**REQUIRED WORK**
Where an entry contains a picture, skip the picture and write out everything else exactly.

**INPUT MATERIAL**
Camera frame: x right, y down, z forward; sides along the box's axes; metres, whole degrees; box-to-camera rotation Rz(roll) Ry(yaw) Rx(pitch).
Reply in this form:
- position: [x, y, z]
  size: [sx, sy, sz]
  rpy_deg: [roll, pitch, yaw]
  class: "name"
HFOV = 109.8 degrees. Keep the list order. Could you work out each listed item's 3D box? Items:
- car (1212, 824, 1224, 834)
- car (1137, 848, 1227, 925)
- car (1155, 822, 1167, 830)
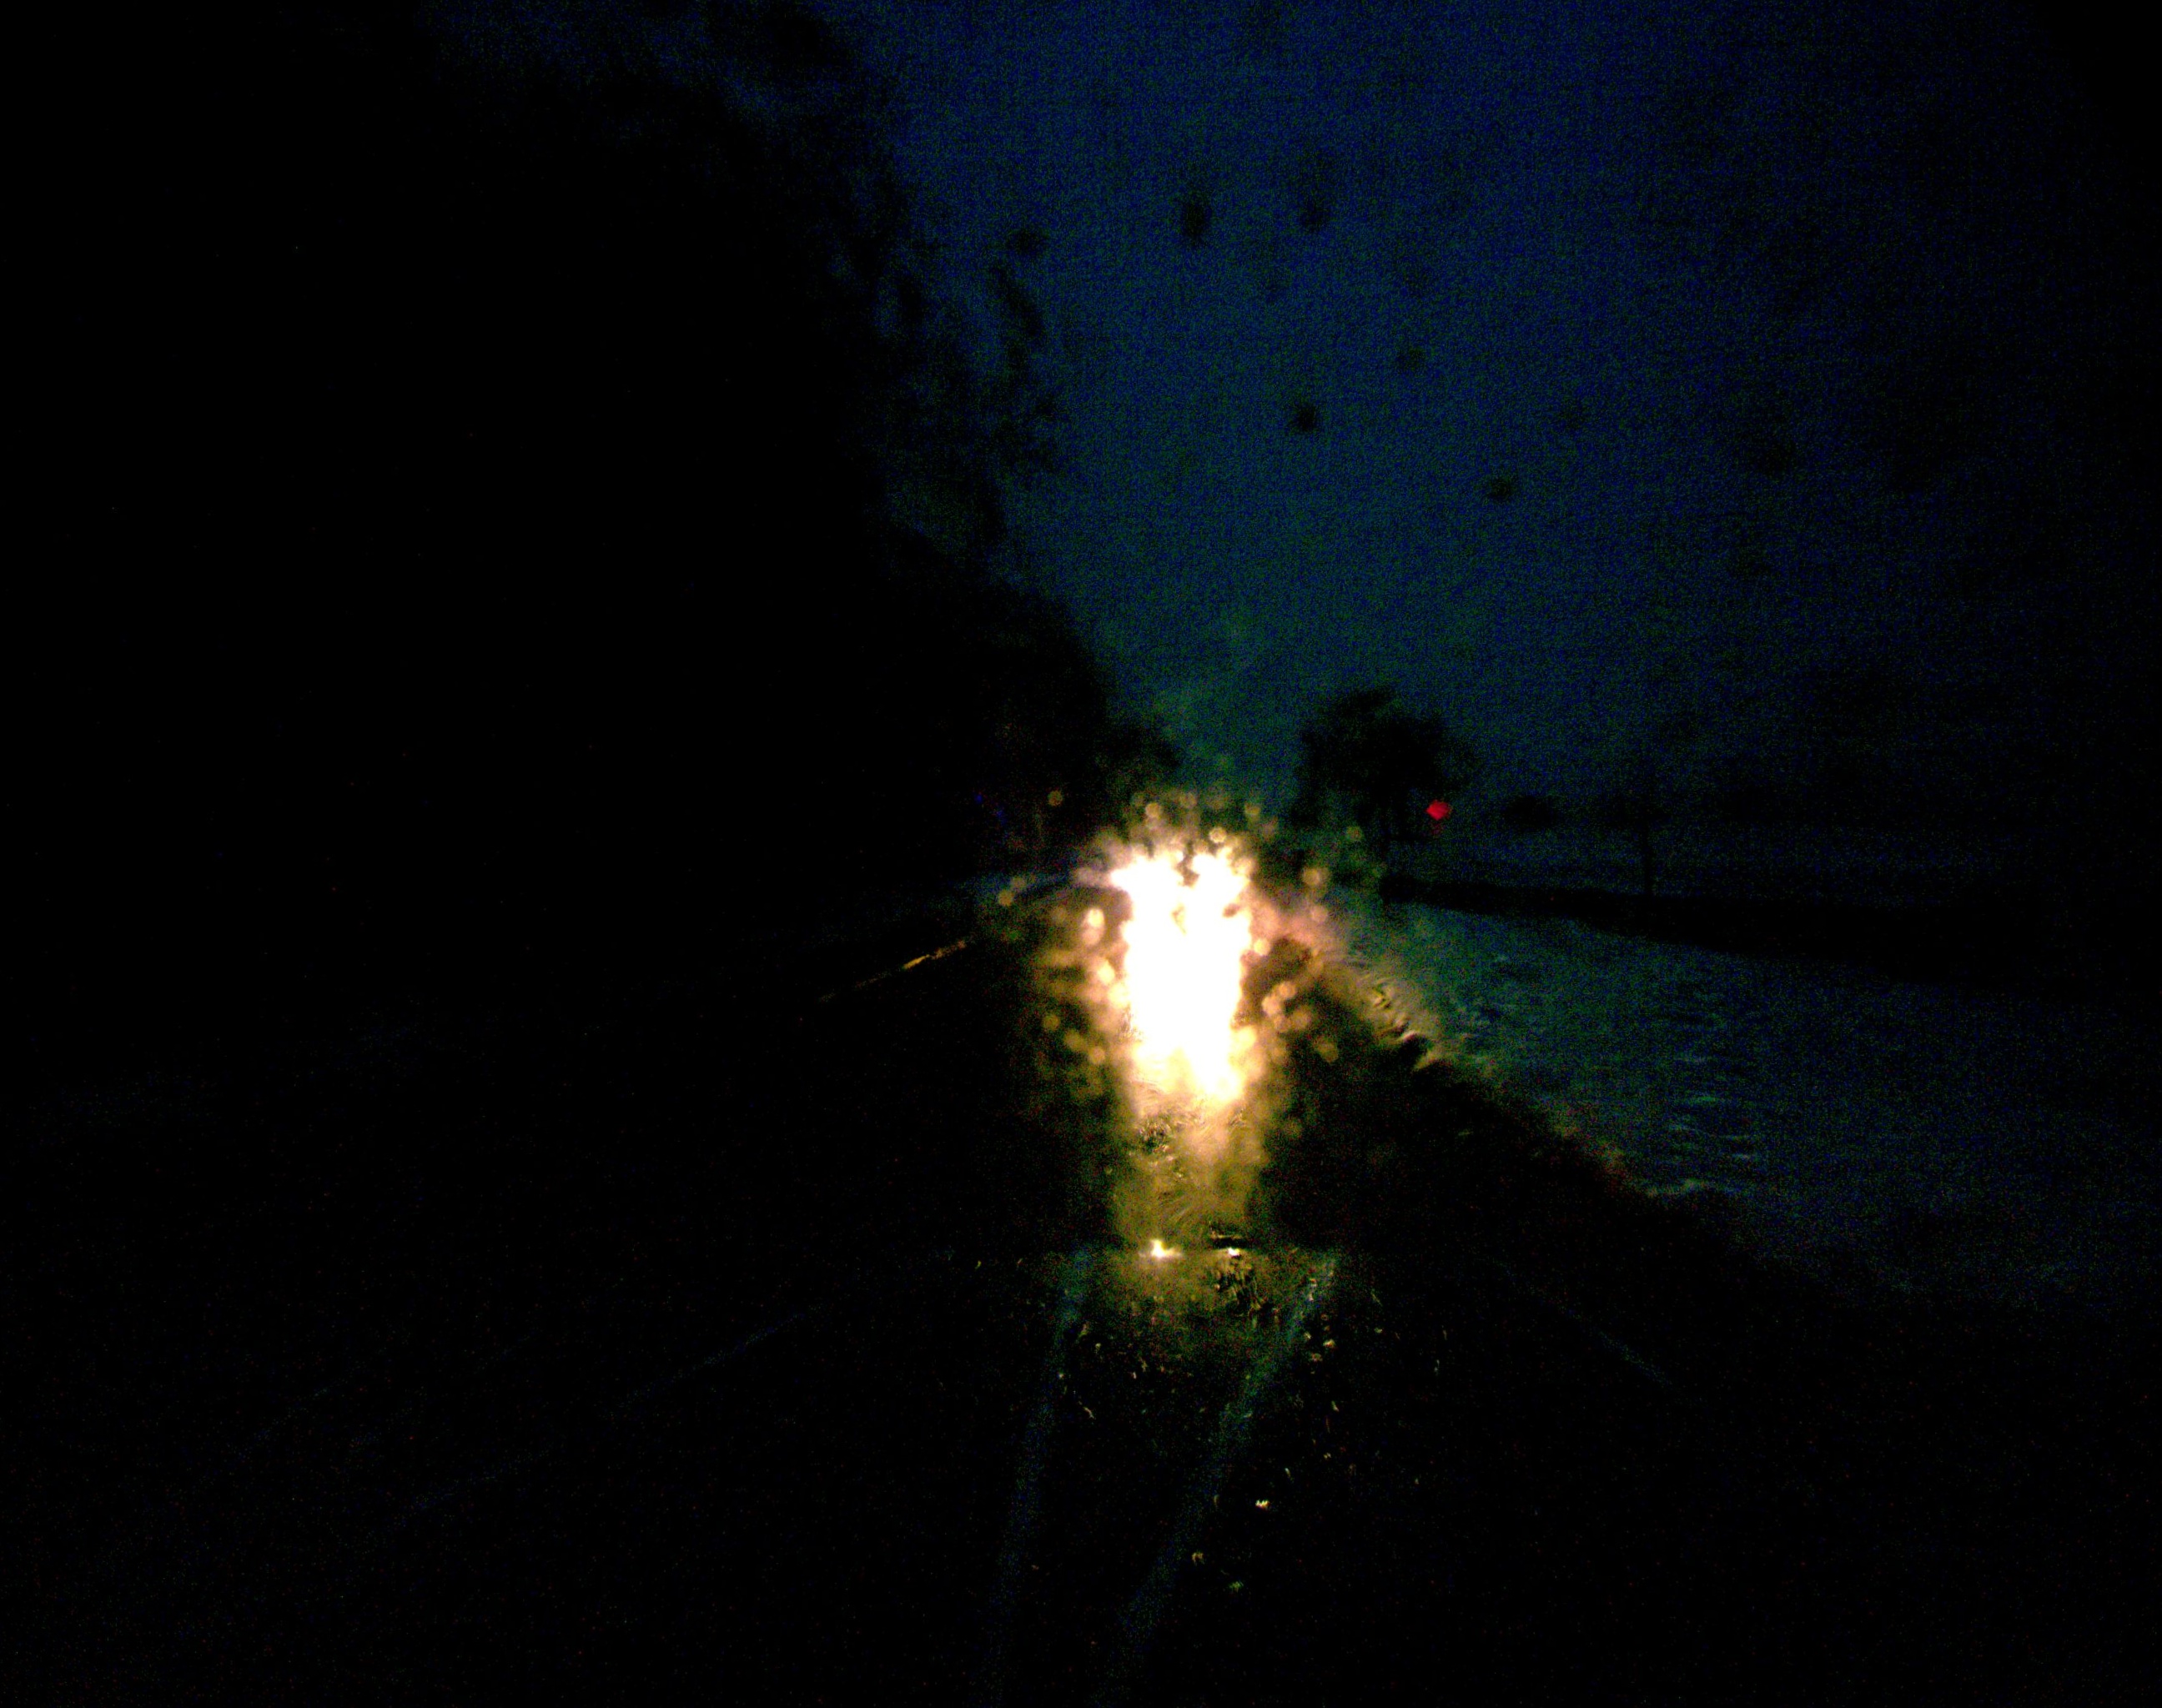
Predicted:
- position: [25.783, -4.670, 142.953]
  size: [1.997, 1.797, 4.001]
  rpy_deg: [-2, 2, 9]
  class: "car"
- position: [2.181, 0.634, 16.989]
  size: [1.724, 1.426, 3.677]
  rpy_deg: [-2, 1, 5]
  class: "car"
- position: [17.778, -6.193, 168.854]
  size: [1.999, 1.797, 3.997]
  rpy_deg: [-2, 2, -5]
  class: "car"

**RESPONSE TO THIS TASK**
Camera frame: x right, y down, z forward; sides along the box's axes; metres, whole degrees; box-to-camera rotation Rz(roll) Ry(yaw) Rx(pitch).
Reply in this form:
- position: [x, y, z]
  size: [sx, sy, sz]
  rpy_deg: [roll, pitch, yaw]
  class: "name"
HFOV = 109.8 degrees. Keep the list order. Could you work out each listed item's 3D box? Items:
- car (1212, 824, 1224, 834)
- car (1137, 848, 1227, 925)
- car (1155, 822, 1167, 830)
Predicted:
- position: [25.783, -4.670, 142.953]
  size: [1.997, 1.797, 4.001]
  rpy_deg: [-2, 2, 9]
  class: "car"
- position: [2.181, 0.634, 16.989]
  size: [1.724, 1.426, 3.677]
  rpy_deg: [-2, 1, 5]
  class: "car"
- position: [17.778, -6.193, 168.854]
  size: [1.999, 1.797, 3.997]
  rpy_deg: [-2, 2, -5]
  class: "car"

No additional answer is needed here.